捜査一課長の北川一(津田寛治)は、未成年の被害者に配慮して氏名の公表に後ろ向きな姿勢を見せるが、安藤は被害者の氏名を公開するという「原則」を守るべきだと反論。

北川は迷った末に、マスコミに対して被害者の情報を開示するが、今泉は被害者の情報は不要なのではないかと疑問を抱く。そんな今泉に安藤は、情報を開示するのは国民の「知る権利」を守るためだと説く。

実名で報道するかどうかを判断するのは、情報を受けたマスコミ各社。局に戻ったYBXテレビ社会部記者・稲田裕司(金子ノブアキ)は、事件の大きさから実名報道をするべきだと主張するが、上司は他社の様子を見ようと判断を保留した。

実名報道によって傷つけられる被害者と遺族の姿に今泉(福士蒼汰)は憤るが…

数日後。

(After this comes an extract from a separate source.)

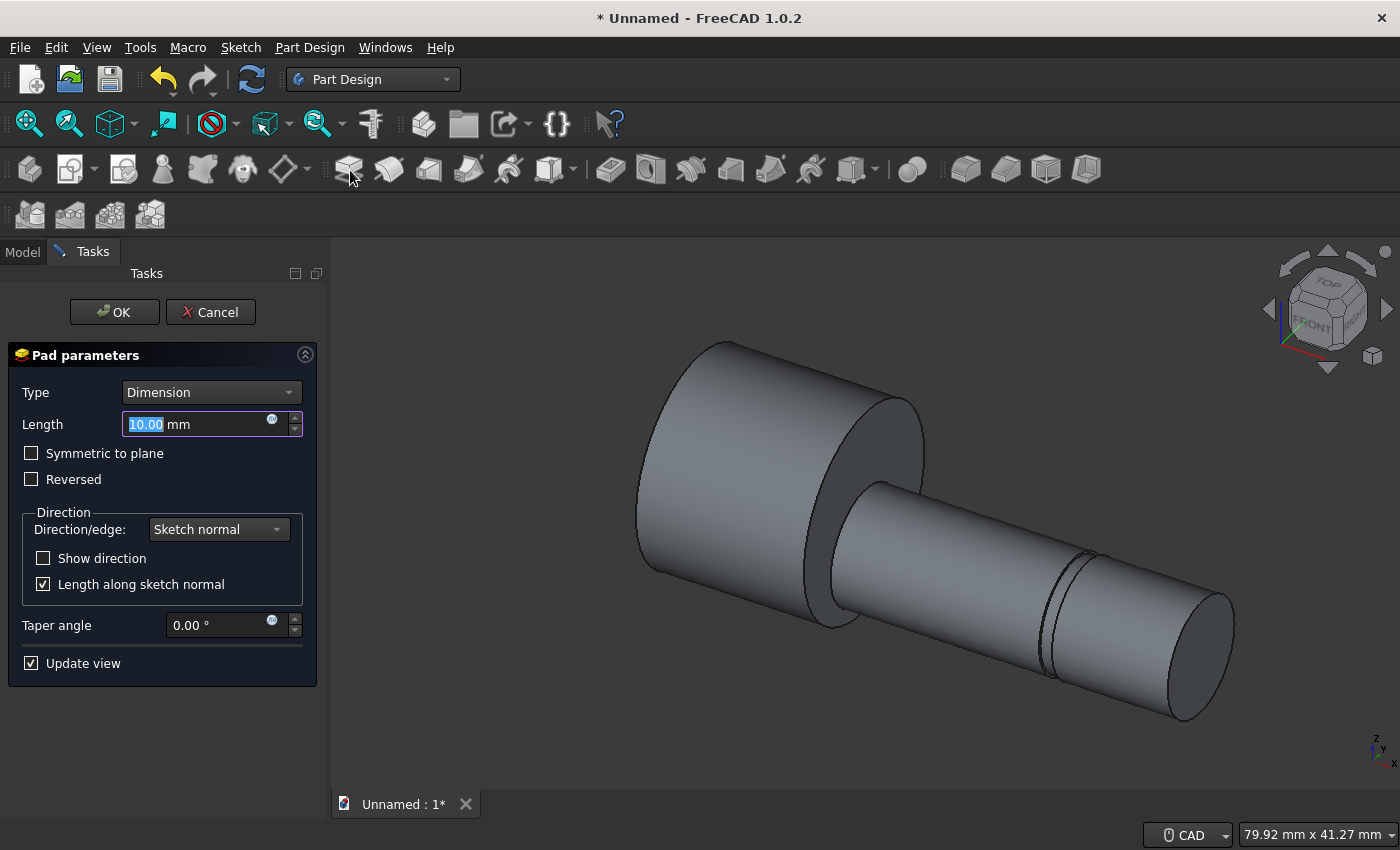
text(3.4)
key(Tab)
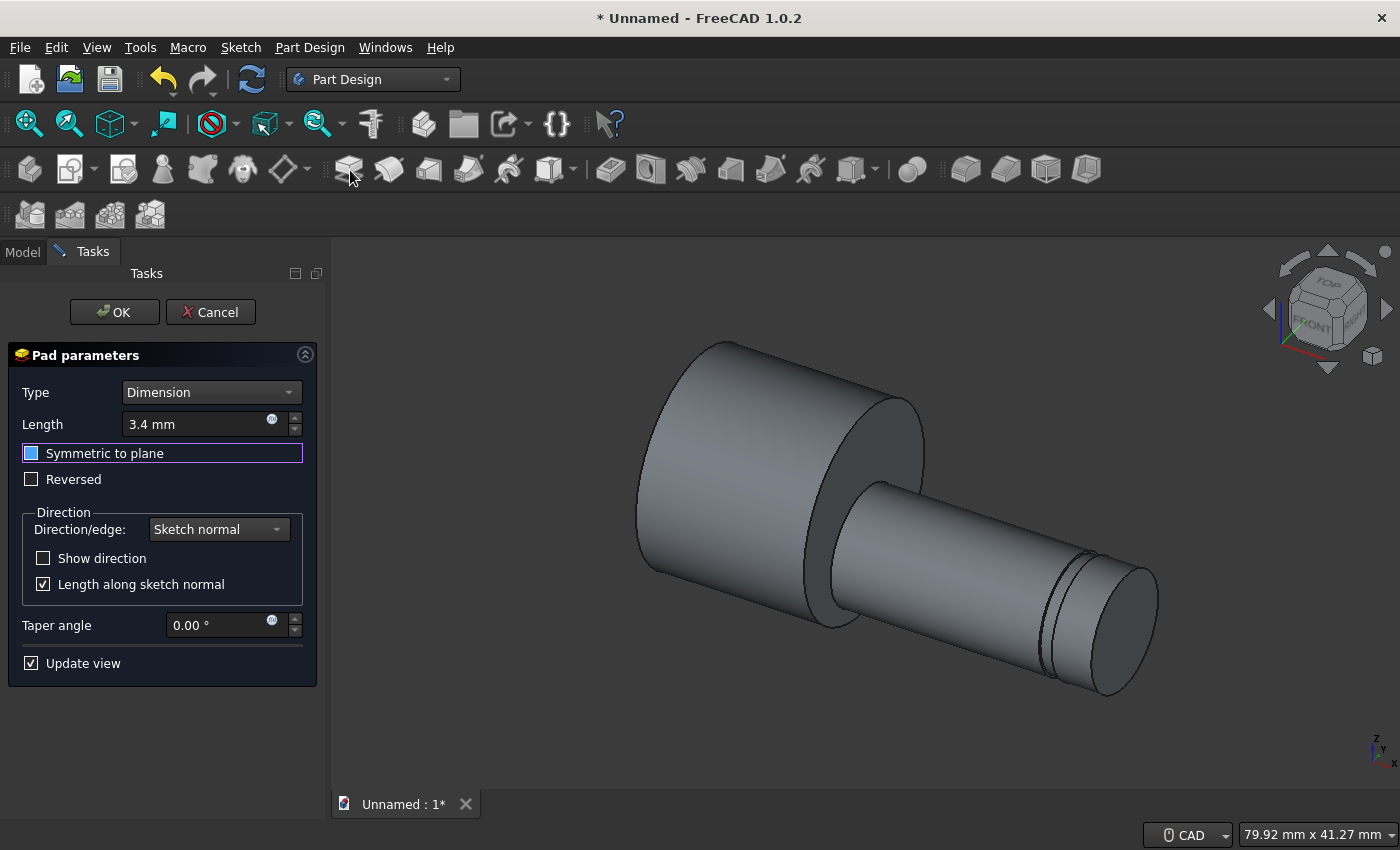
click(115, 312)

今泉は水野和香(太田莉菜)に連れられて、被害者の1人である巻田志穂の葬儀へ。葬儀の取材に現れた記者たちを止めるのも、広報の仕事なのだ。しかし、今泉たちと面識のない週刊誌の記者が葬儀に潜り込み、志保の父・俊二(山本直輝)とトラブルを起こしてしまう。

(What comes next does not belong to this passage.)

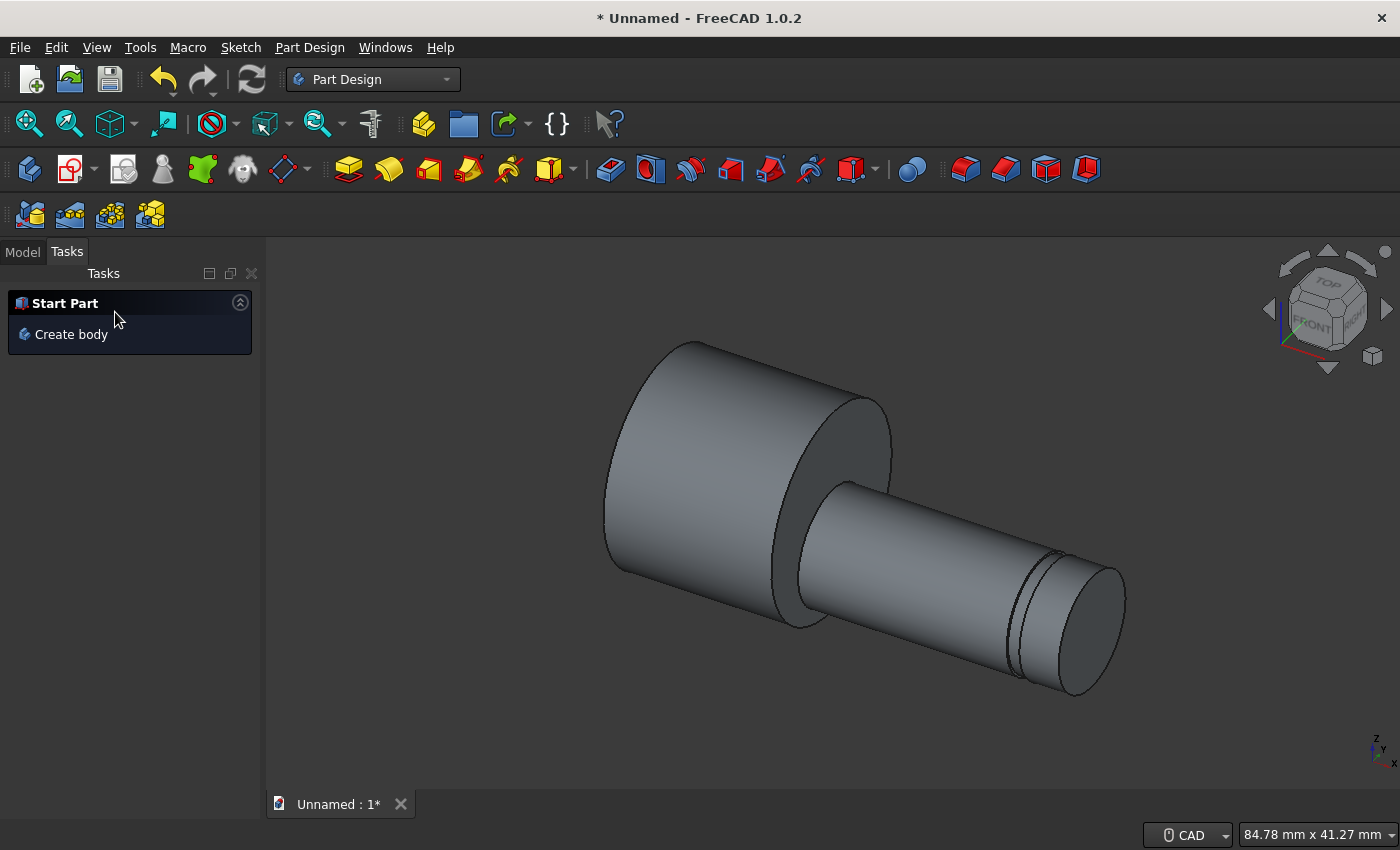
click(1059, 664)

同じ頃、七恵の父・茂(桜井聖)と母・麻衣子(土井きよ美)、妹・京子(足川結珠)も自宅に押しかけたマスコミへの対応に疲弊していた。稲田も、京子からコメントを取れないかと取材に当たっていたが…。

実名報道は遺族たちを傷つけるだけなのではないか。そう考えた今泉は、状況に応じて広報が情報を開示するかどうかを判断できないかと訴えるが、それは警察による情報の隠蔽を可能にする諸刃の剣だと時永修次(竹財輝之助)に諭される。

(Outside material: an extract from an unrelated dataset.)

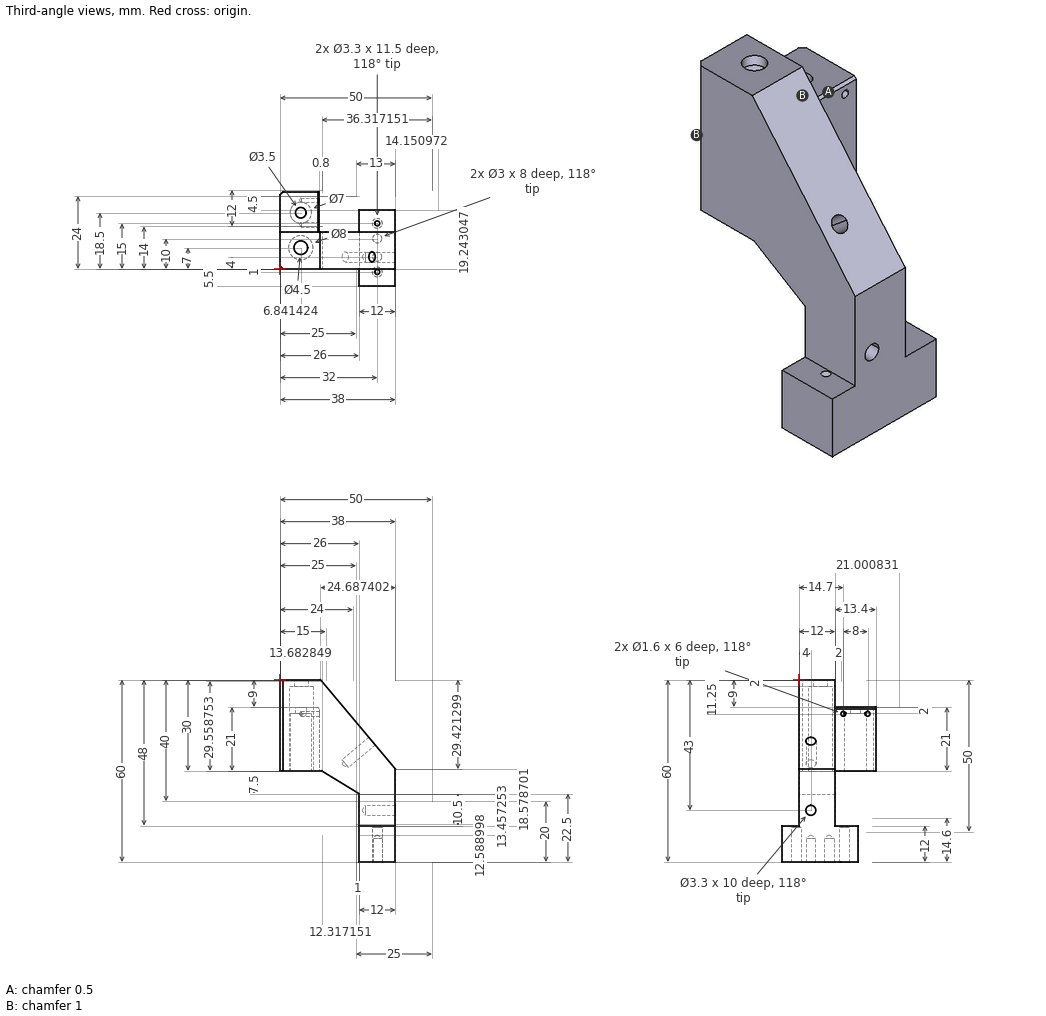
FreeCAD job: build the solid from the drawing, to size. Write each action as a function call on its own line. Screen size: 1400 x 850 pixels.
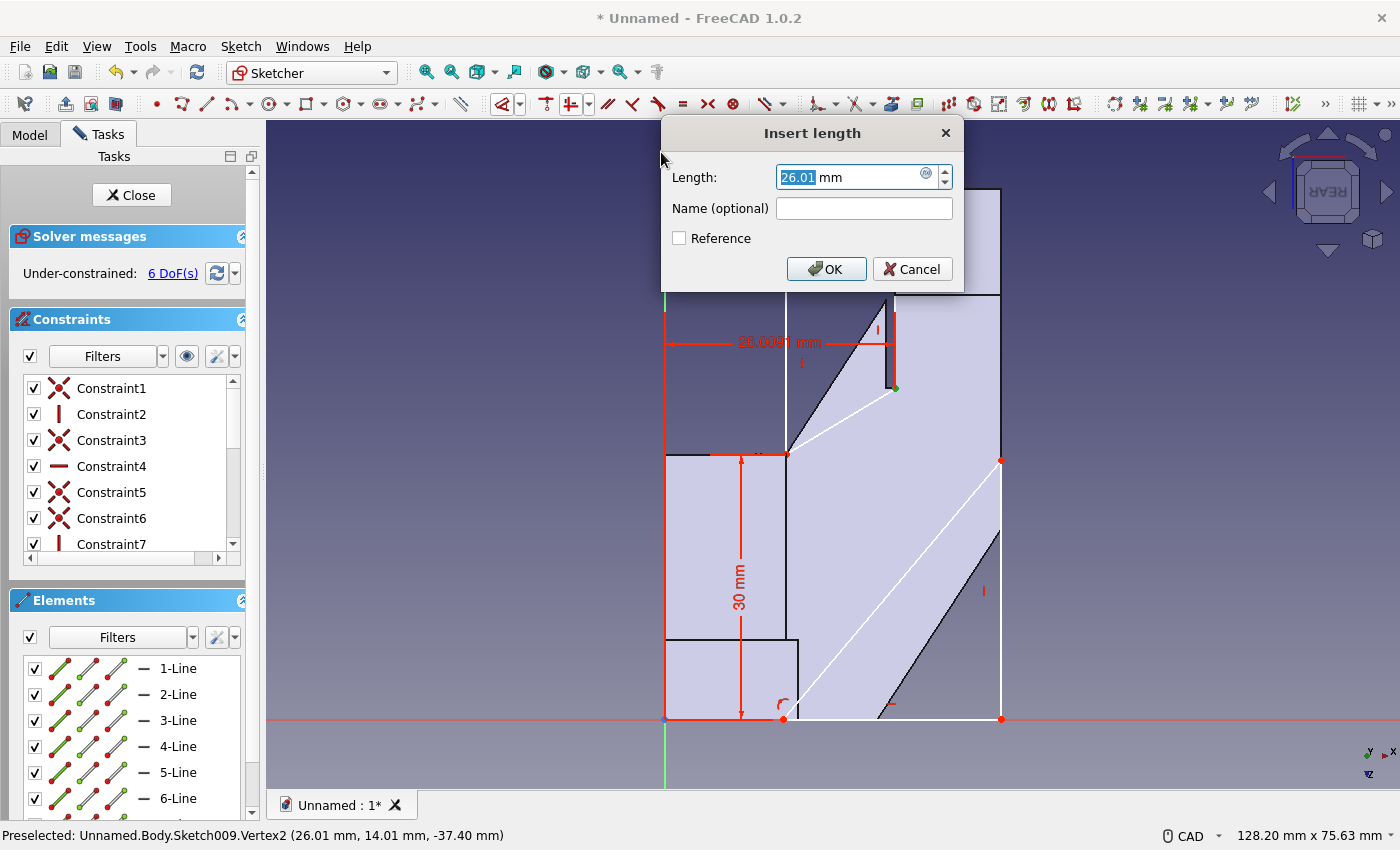
text(26)
key(Return)

そんななか、稲田が押し切る形でYBXテレビが実名報道に踏み切った。それを機に、ネット上には被害者に関するありとあらゆる情報が蔓延。被害者遺族は、さまざまな形で追い詰められていく。

一方、川畑の立ち会いのもと、犯行現場での現場検証が行われることになり、今泉たちもマスコミの規制のために現場へ。

巨椋は犯行前に死体を遺棄する場所や方法を調べていた川畑が、5人を殺害し死体を遺棄したのではないかと問い詰めるが、川畑は被害者は全員自ら命を絶ち、自分は自殺を“幇(ほう)助”しただけだと主張する。